Le conseguenze della farmaco-resistenza sulla salute sono facilmente immaginabili: cure e degenze più lunghe e costose, ulteriore utilizzo di antibiotici e soprattutto rischio di complicanze e di morte nettamente aumentato. L'OMS stima che già oggi le infezioni resistenti ai farmaci siano responsabili di 700mila morti l'anno nel mondo e che, se l'attuale tendenza rimarrà invariata, entro il 2050 potrebbero salire a 10 milioni!
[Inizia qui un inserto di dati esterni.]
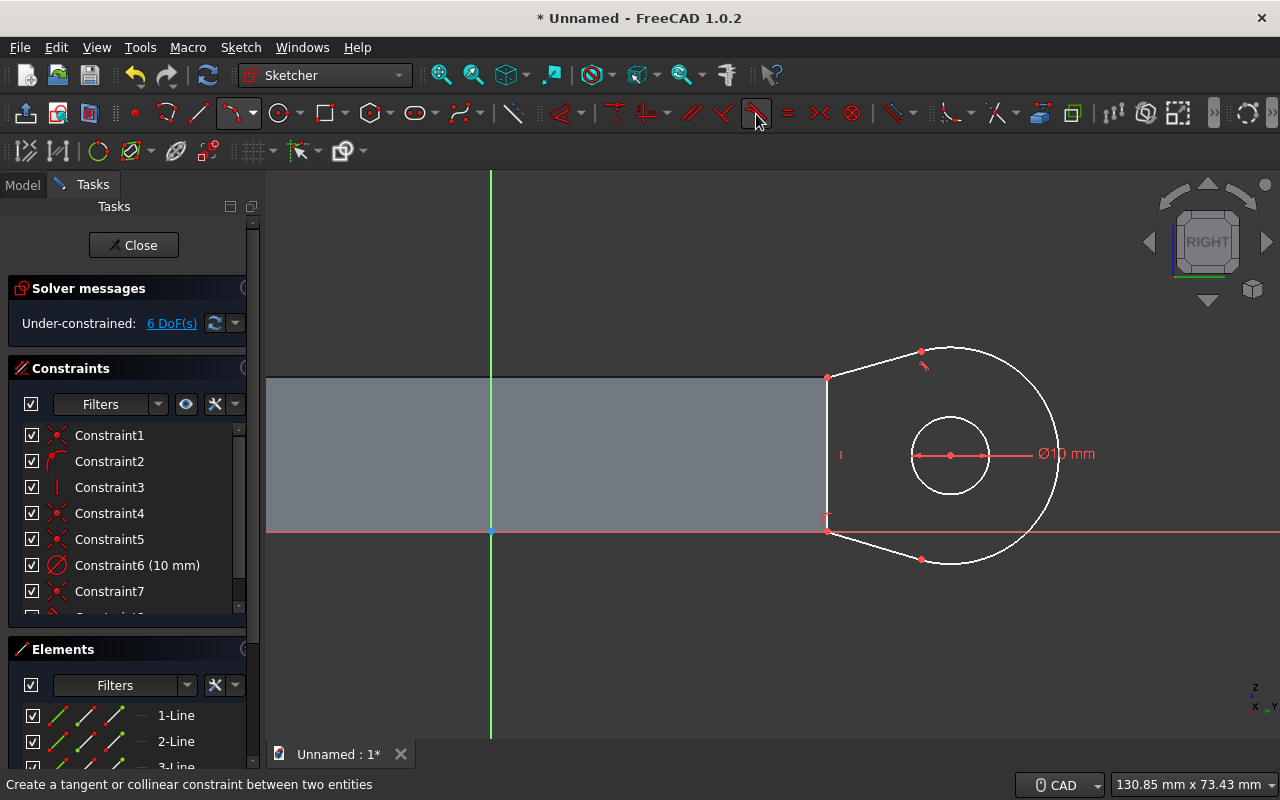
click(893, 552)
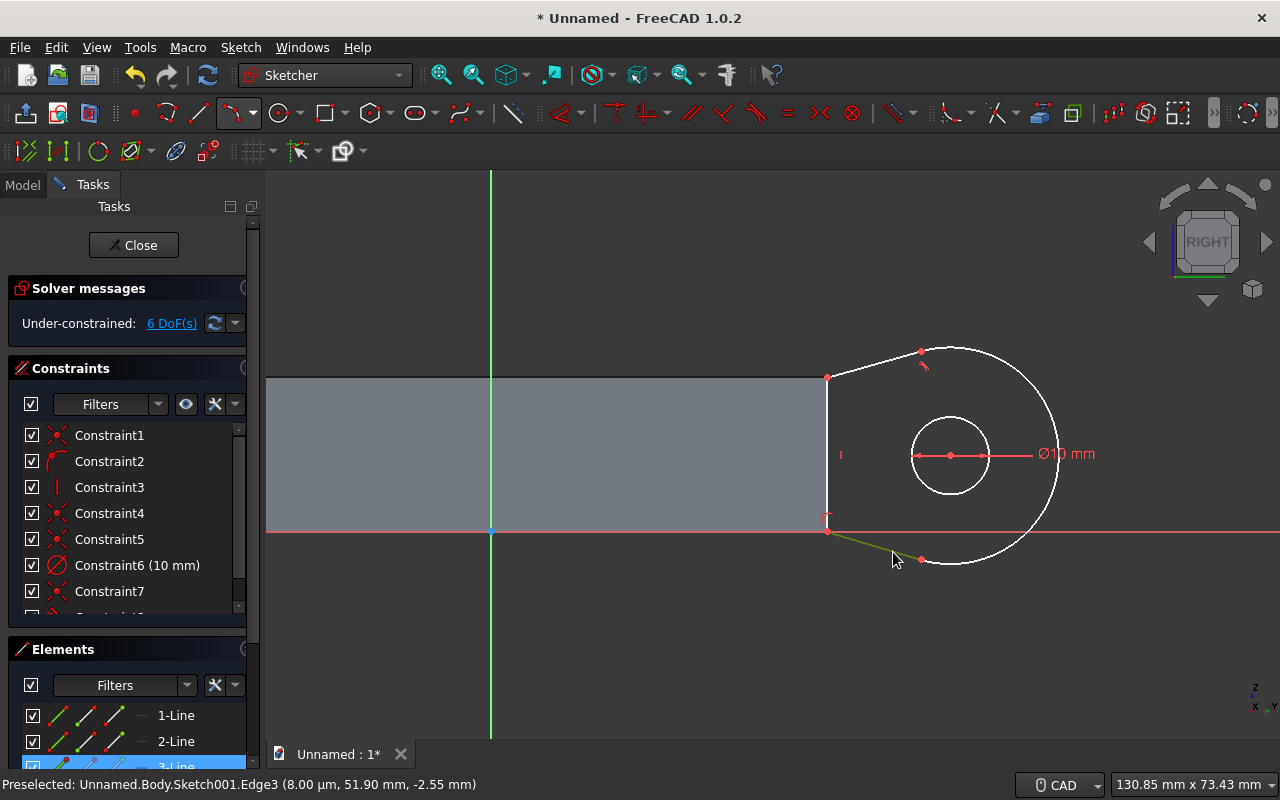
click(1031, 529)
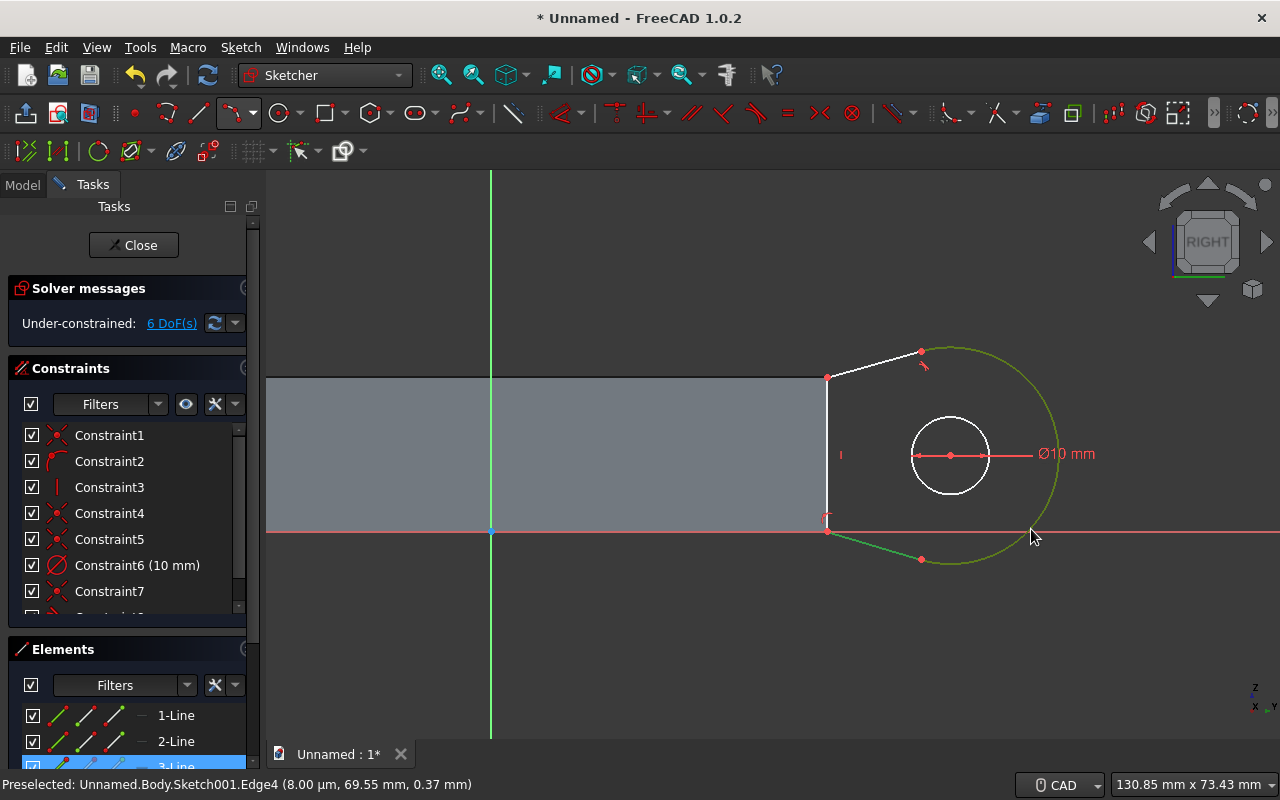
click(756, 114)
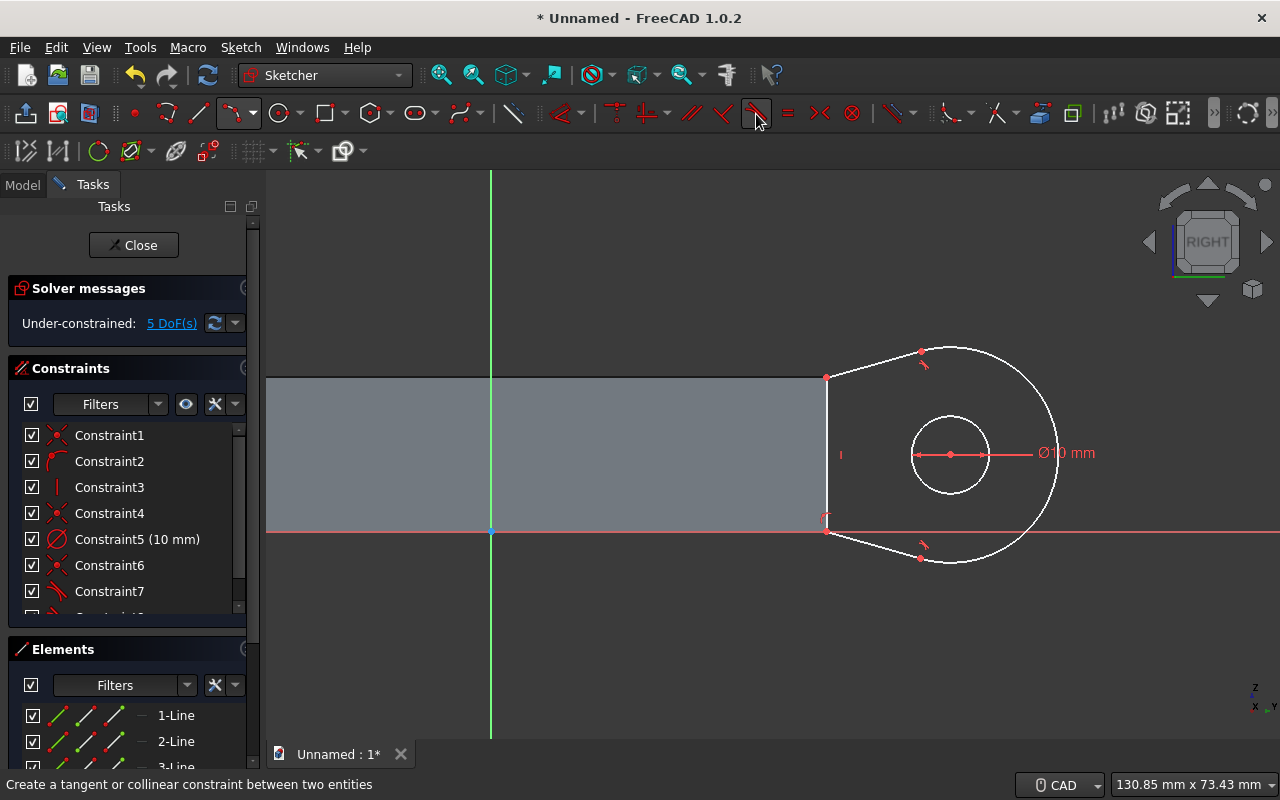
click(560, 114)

Ciò che invece è meno prevedibile e più difficile da calcolare sono le ripercussioni dirette e indirette sull'economia mondiale. Qualcuno ci ha provato tuttavia, e il già citato ministro Jim O'Neill nel suo rapporto riferisce di stime che parlano di una diminuzione del PIL (Prodotto Interno Lordo) compresa tra il 2 e il 3,5% entro il 2050 con un costo mondiale fino a 100mila miliardi di dollari (ma forse i dati sono sottostimati) di cui le economie emergenti subiranno il peso maggiore. Si tratta di costi dovuti a mancata produttività, costi sociali e sanitari e crollo del turismo in quei paesi più indigenti dove il rischio di infezioni è particolarmente alto.
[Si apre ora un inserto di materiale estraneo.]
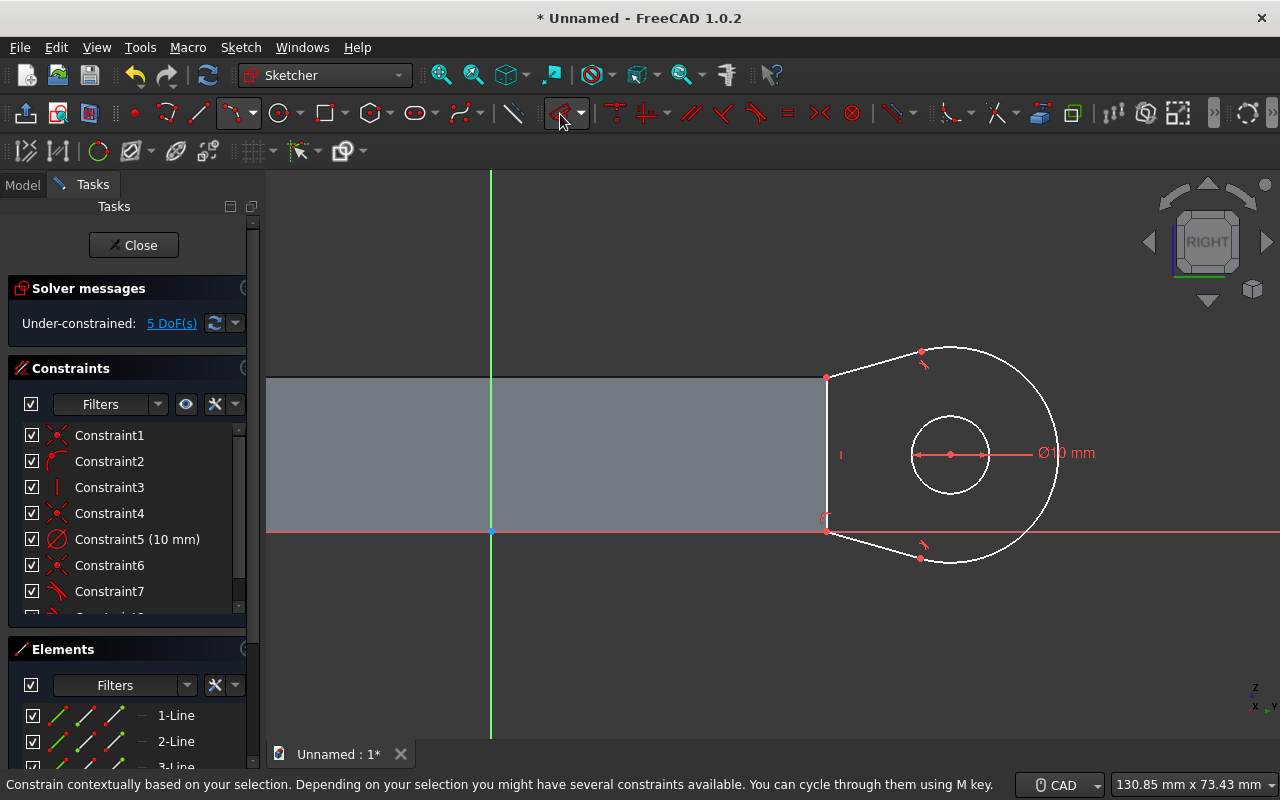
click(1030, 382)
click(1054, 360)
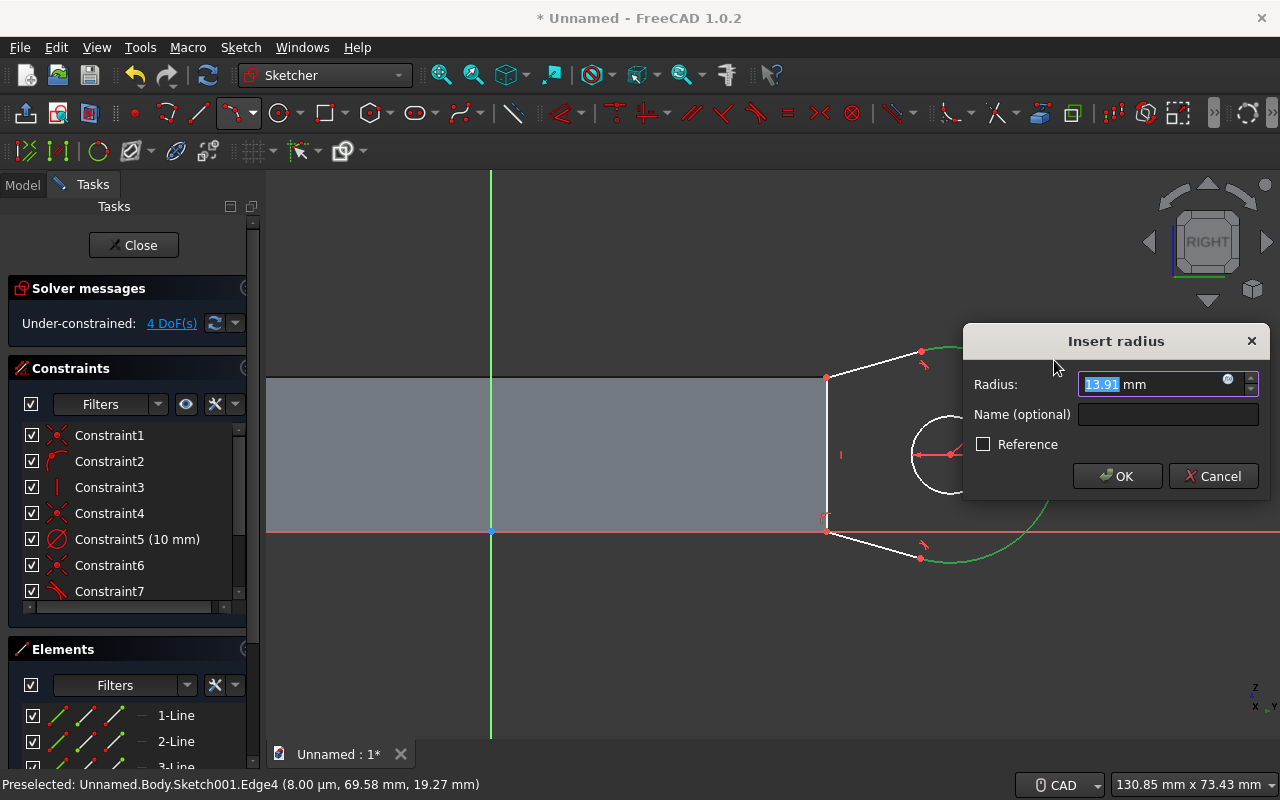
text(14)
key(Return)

Perciò, si dice sempre nel rapporto, le strategie per far fronte all'emergenza devono essere attuate a più livelli avvalendosi di una collaborazione interdisciplinare e internazionale. Queste devono essere incentrate sul monitoraggio dell'evolversi della situazione; su una maggiore comunicazione col personale sanitario quanto con la popolazione per informare su di un uso oculato di questi farmaci, avvalendosi di informazioni ottenute sfruttando le potenzialità offerte dalla genetica, dalla genomica e dall'informatica; sul coordinamento degli sforzi internazionali per regolamentare e uniformare l'uso degli antimicrobici  e per condividere dati di ricerca per evitare sprechi di tempo e risorse impegnandosi in studi e ricerche già compiuti da altri; sullo sviluppo di nuovi farmaci stimolando, grazie ad incentivi, le case farmaceutiche più riluttanti ad investire in ricerca; su un maggior uso dei vaccini che, prevenendo le infezioni ridurrebbero la necessità di ricorrere agli antibiotici (e ti pareva che non si trovasse l'ennesima scusa per perorare la causa vaccinale!); su una rivalutazione delle terapie alternative; su una maggiore attenzione alle misure igieniche.
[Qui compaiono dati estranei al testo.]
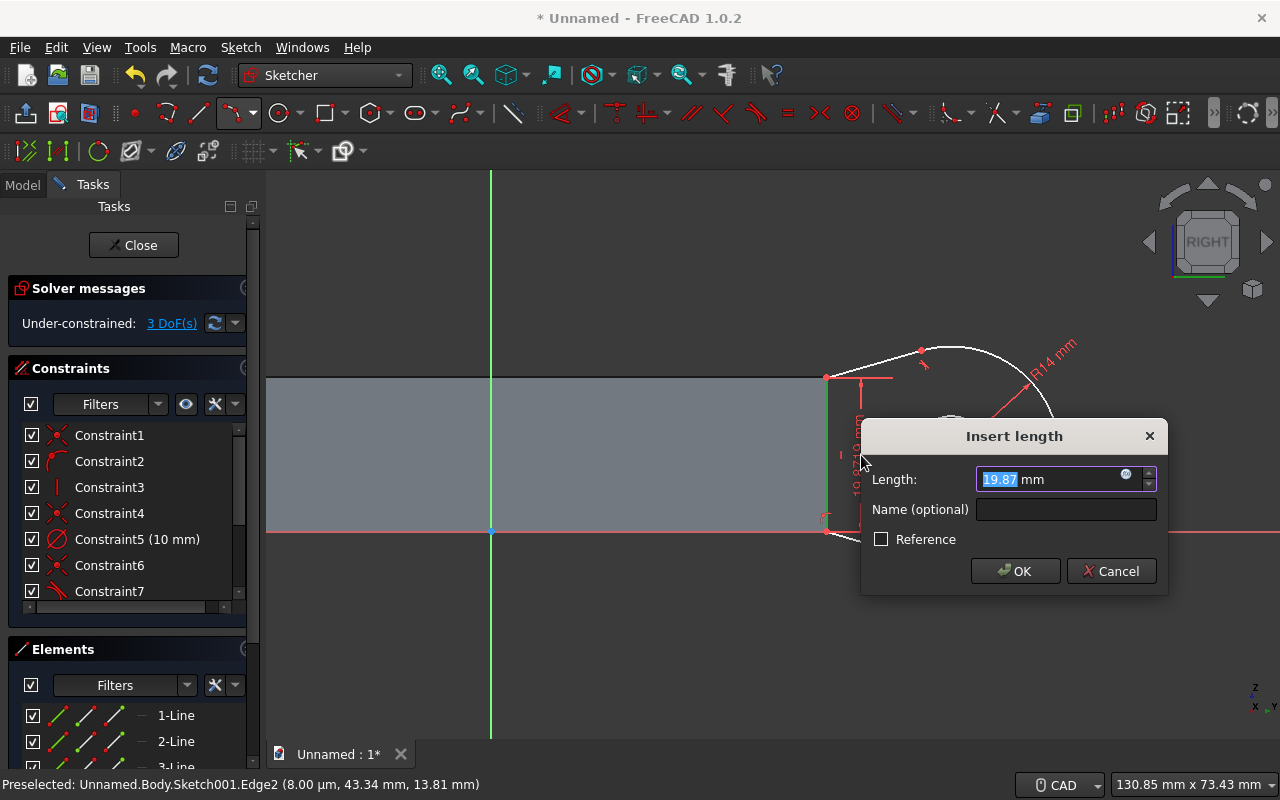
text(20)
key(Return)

Questi ultimi due punti sono i più interessanti, essendo chiaro che l'avvento degli antibiotici ha fatto in modo che venissero sempre più trascurate le condizioni che in definitiva fanno prosperare i microrganismi patogeni (come disse Pasteur, "Il microbo è nulla; il terreno è tutto", particolare poi sistematicamente ignorato da medici e industria farmaceutica).

Quanto alle terapie alternative, queste stanno suscitando un meritato rinnovato interesse dopo un lungo periodo di oblìo iniziato appunto con la scoperta degli antibiotici e la farmacocrazia che ne è seguita. Forse non sempre si rivelano altrettanto efficaci degli antibiotici ma almeno non hanno gli effetti collaterali di questi ultimi e al contempo rinforzano il sistema immunitario, perciò il momento è propizio per una loro auspicabile affermazione. Le strade attualmente battute sono l'utilizzo di fagi (o batteriofagi), l'argento colloidale, gli oli essenziali e la vitamina C.

Per quanto riguarda i primi, si tratta di speciali virus che hanno il potere di distruggere specifici batteri e sembra una strategia molto promettente. Se ne è parlato in un congresso mondiale sulle malattie infettive tenutosi a Parigi (1-3 giugno 2016) e ora ce n'è un altro in programma a Firenze il 17-18 maggio prossimi;

L'argento colloidale è un rimedio molto antico tornato prepotentemente attuale dopo un lungo periodo di declino iniziato con l'uso generalizato degli antibiotici di sintesi che ne segnò la cessazione della produzione anche a causa dei costi allora troppo elevati;

Anche l'uso degli oli essenziali è antichissimo e la letteratura che ne tratta è molto vasta. Da segnalare "Cura delle malattie con le essenze delle piante" di Jean Valnet. E a tal proposito c'è una notizia imperdibile che viene da uno scienziato marocchino, Adnane Remmal, il quale ha realizzato un farmaco innovativo, combinando l'effetto degli oli essenziali con quello degli antibiotici, che potrebbe risolvere definitivamente il problema della resistenza. Quando l'antibiotico si combina con gli oli essenziali, oltre a potenziare l'effetto che si avrebbe utilizzando singolarmente i due rimedi, sfuggirebbe ai meccanismi che conducono infine alla resistenza. Il ricercatore inoltre detiene già due brevetti relativi agli oli essenziali, di cui uno ottenuto per un prodotto destinato all'alimentazione animale in grado di sostituire completamente gli antibiotici, grazie al quale ha ottenuto come riconoscimento l'Innovation Prize for Africa 2015.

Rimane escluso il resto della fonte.